Advanced Meteorology: New technology and storm outage
prediction modeling is helping PG&E pinpoint where problems might
occur as storms arrive and progress through PG&E’s service area.
SmartMeters™: SmartMeters play an important role in PG&E's
response to power outages. The utility receives SmartMeter data within
seconds of an outage to help system operators quickly determine the
scope and level of response needed. They also help identify the
location of an outage to reduce the amount of time it takes for
restoration crews to arrive on scene.
Smart Grid: PG&E has installed advanced automated technology on
power lines throughout its service area. This technology can
automatically "self-heal" the grid by re-routing the flow of
electricity around a damaged power line and effectively restoring
power to the majority of impacted customers within minutes. These
systems have been installed on nearly 20 percent of PG&E's electrical
distribution circuits and have helped the company avoid almost 89
million customer outage minutes since the program began in 2012.

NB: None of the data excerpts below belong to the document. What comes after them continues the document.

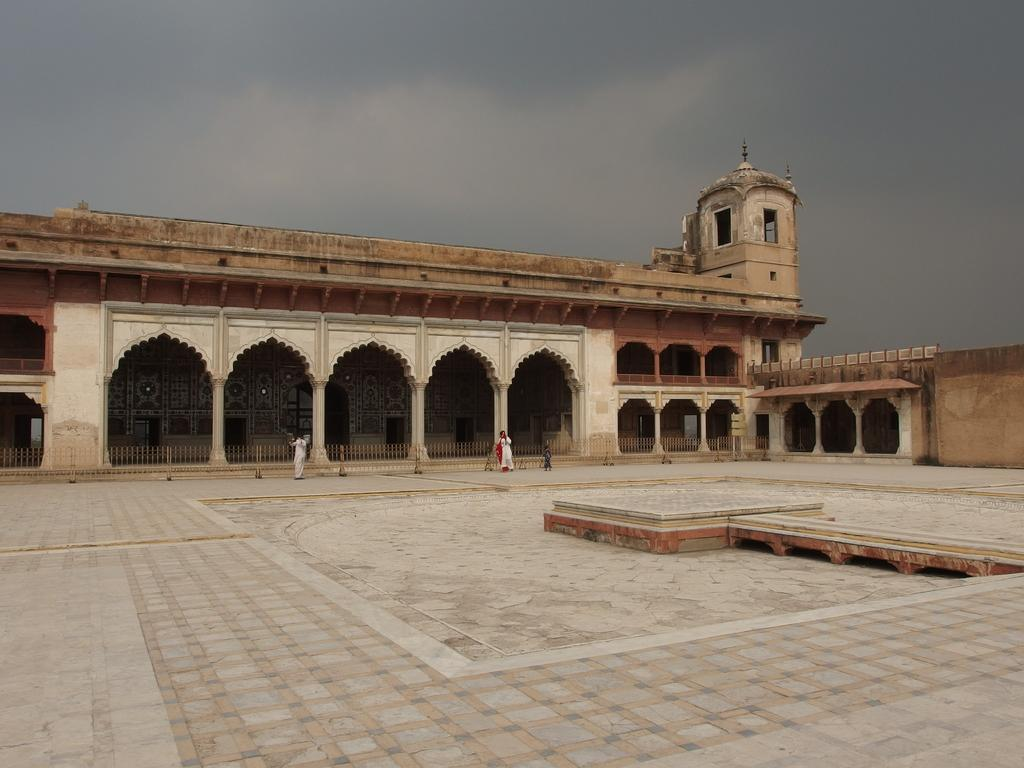What is the main subject of the image? The main subject of the image is the Lahore fort. Are there any people in the image? Yes, there are two persons standing in the image. What can be seen in the background of the image? The sky is visible in the background of the image. What type of chalk is being used by the persons in the image? There is no chalk present in the image, and therefore no such activity can be observed. 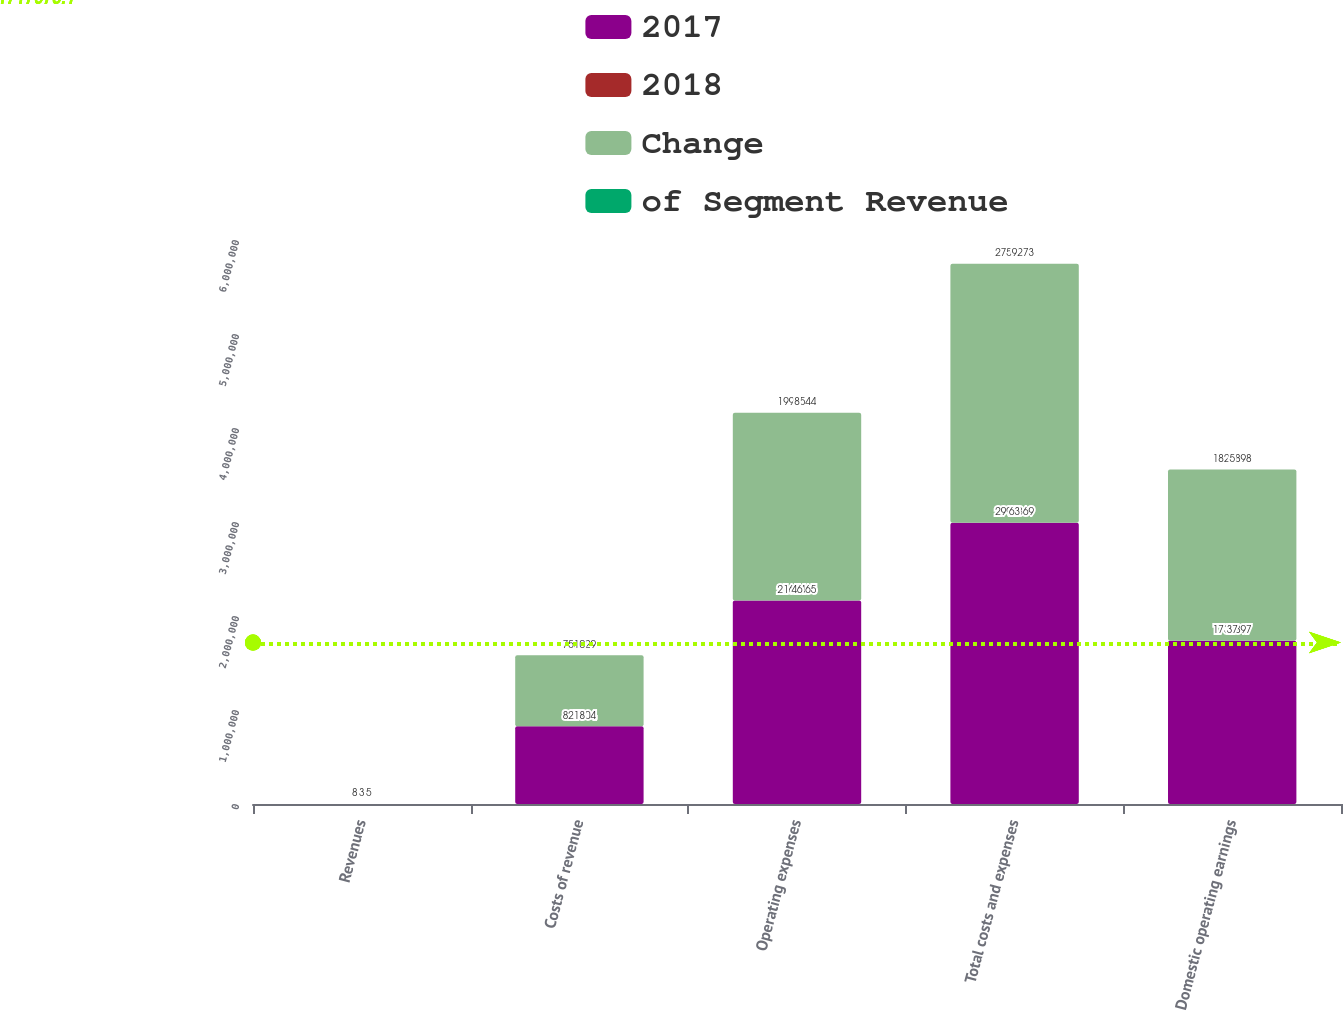<chart> <loc_0><loc_0><loc_500><loc_500><stacked_bar_chart><ecel><fcel>Revenues<fcel>Costs of revenue<fcel>Operating expenses<fcel>Total costs and expenses<fcel>Domestic operating earnings<nl><fcel>2017<fcel>81.5<fcel>827904<fcel>2.16446e+06<fcel>2.99237e+06<fcel>1.7379e+06<nl><fcel>2018<fcel>100<fcel>18<fcel>46<fcel>63<fcel>37<nl><fcel>Change<fcel>81.5<fcel>755729<fcel>1.99854e+06<fcel>2.75427e+06<fcel>1.8209e+06<nl><fcel>of Segment Revenue<fcel>3<fcel>10<fcel>8<fcel>9<fcel>5<nl></chart> 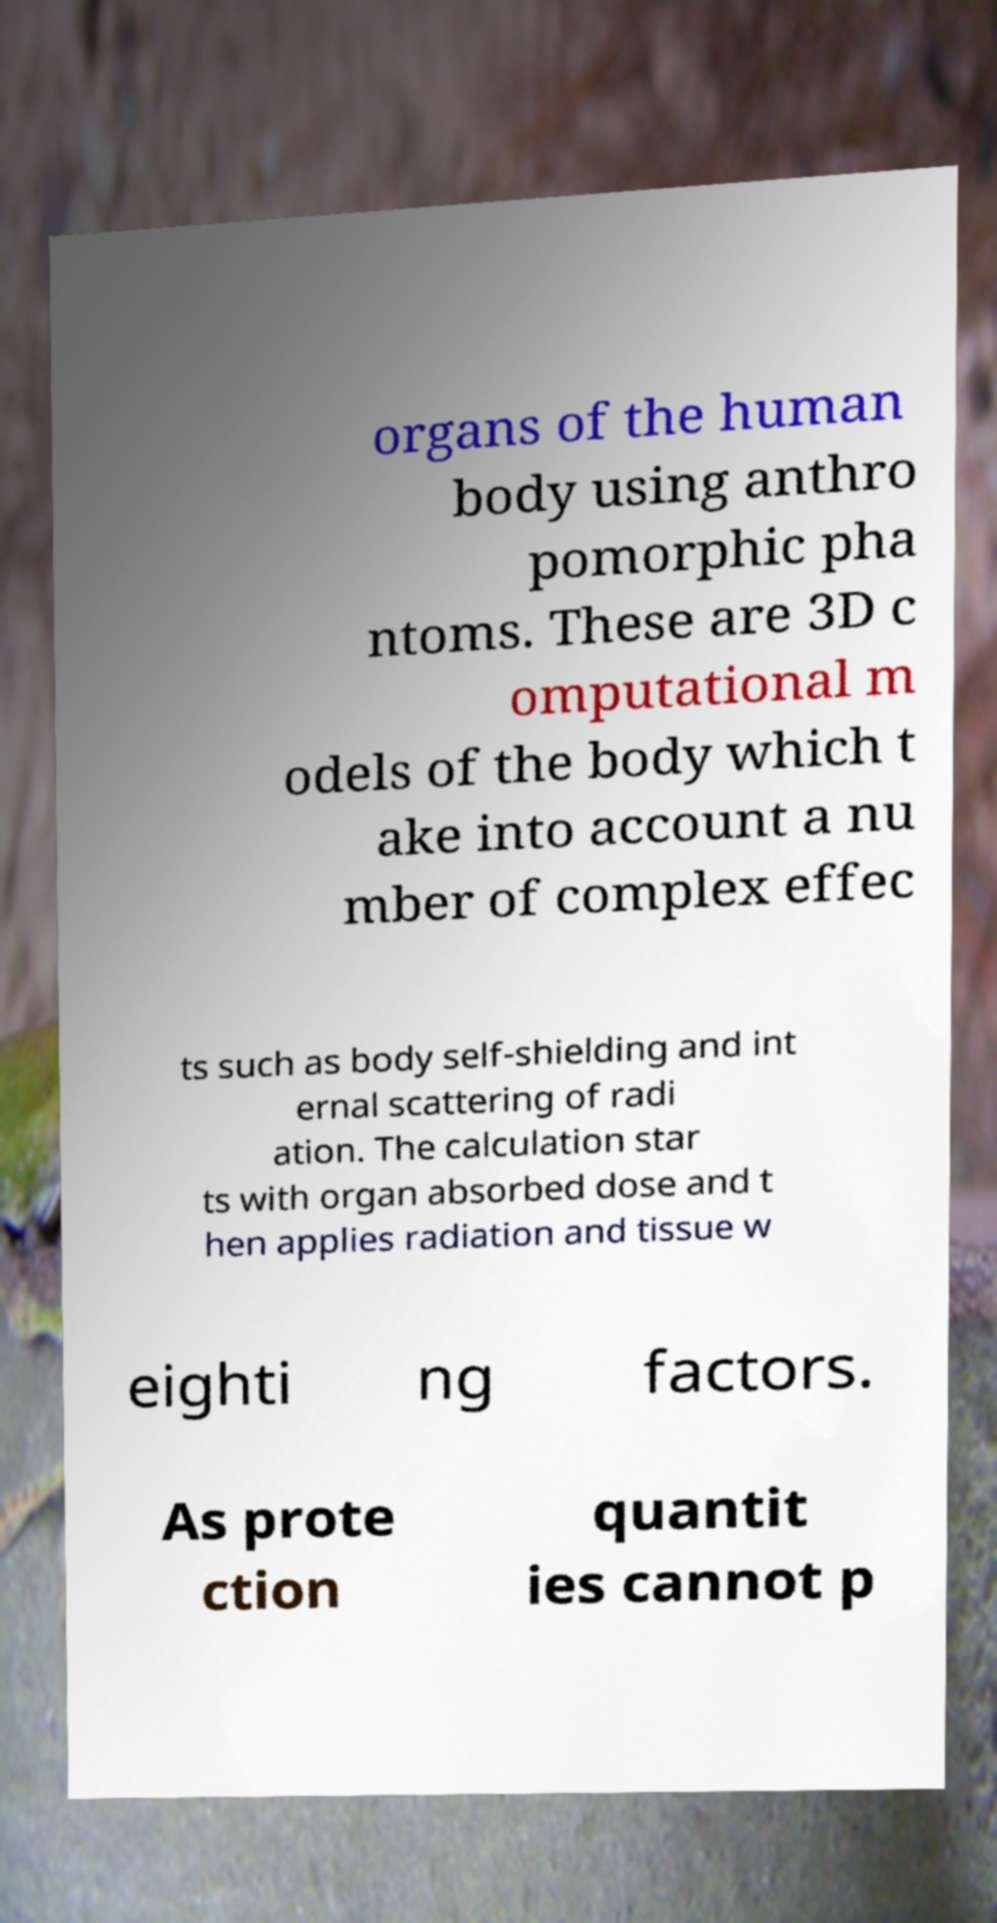Could you extract and type out the text from this image? organs of the human body using anthro pomorphic pha ntoms. These are 3D c omputational m odels of the body which t ake into account a nu mber of complex effec ts such as body self-shielding and int ernal scattering of radi ation. The calculation star ts with organ absorbed dose and t hen applies radiation and tissue w eighti ng factors. As prote ction quantit ies cannot p 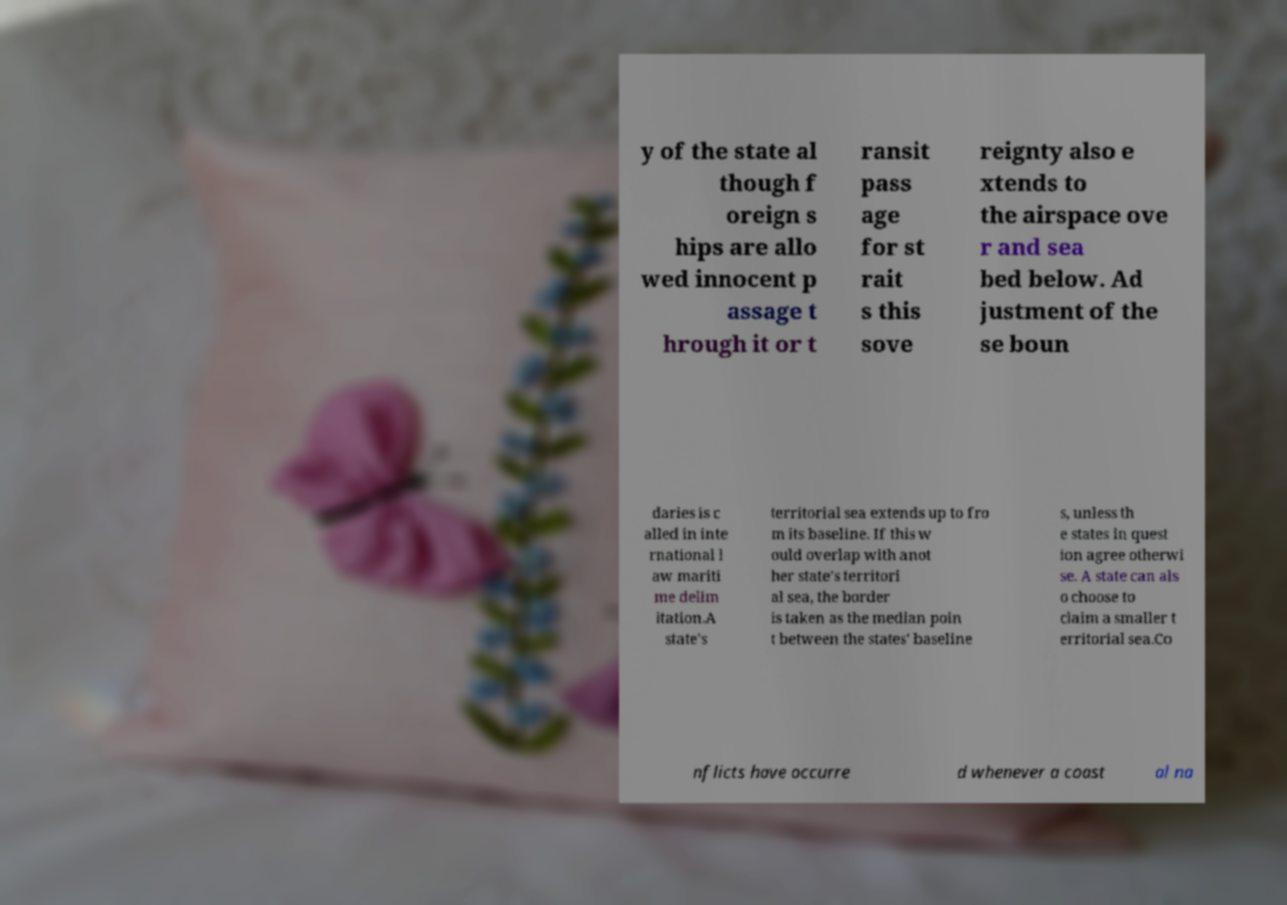For documentation purposes, I need the text within this image transcribed. Could you provide that? y of the state al though f oreign s hips are allo wed innocent p assage t hrough it or t ransit pass age for st rait s this sove reignty also e xtends to the airspace ove r and sea bed below. Ad justment of the se boun daries is c alled in inte rnational l aw mariti me delim itation.A state's territorial sea extends up to fro m its baseline. If this w ould overlap with anot her state's territori al sea, the border is taken as the median poin t between the states' baseline s, unless th e states in quest ion agree otherwi se. A state can als o choose to claim a smaller t erritorial sea.Co nflicts have occurre d whenever a coast al na

New Distribution Control Centers: Two new state-of-the-art
electric distribution control centers help manage PG&E’s more than
140,000 circuit miles of distribution lines throughout Northern and
Central California. These facilities are the nerve centers of the grid
that delivers energy to individual homes and businesses. They are
equipped with systems that support not only today's current smart grid
technology, but will also support future upgrades as well. The centers
in Fresno and Concord will be joined by a third facility in Rocklin
early in 2016.
PG&E’s winter storm preparations are not limited to its electric
operations. In advance of winter storm season, PG&E customers can call
to get one of the company’s Gas Service Representatives (GSRs) to do
pilot relights and gas-appliance safety checks. Call 1-800-743-5000 to
schedule an appointment.
PG&E’s Gas operations also has been preparing in advance and taking
measures to prevent the potential impact of flooding, erosion and
landslides exacerbated by El Niño-driven storms. And at the Diablo
Canyon Power Plant in San Luis Obispo County, the facility’s
severe-weather plan includes preparations for floods, mud slides and if
roads become impassable.
And just as the company prepares for emergencies, PG&E also urges its
customers to be ready for natural disasters. That includes creating a
family emergency plan and creating emergency kits for your home, your
office and your vehicle. PG&E offers emergency-preparation tips on
its website. The ready.gov
website offers additional preparedness tips.
Pacific Gas and Electric Company, a subsidiary of PG&E
Corporation (NYSE:PCG), is one of the largest combined natural gas
and electric utilities in the United States. Based in San Francisco,
with more than 20,000 employees, the company delivers some of the
nation’s cleanest energy to nearly 16 million people in Northern and
Central California. For more information, visit www.pge.com
View source version on businesswire.com: http://www.businesswire.com/news/home/20151014006673/en/
Copyright Business Wire 2015
Source: Business Wire
(October 14, 2015 - 6:30 PM EDT)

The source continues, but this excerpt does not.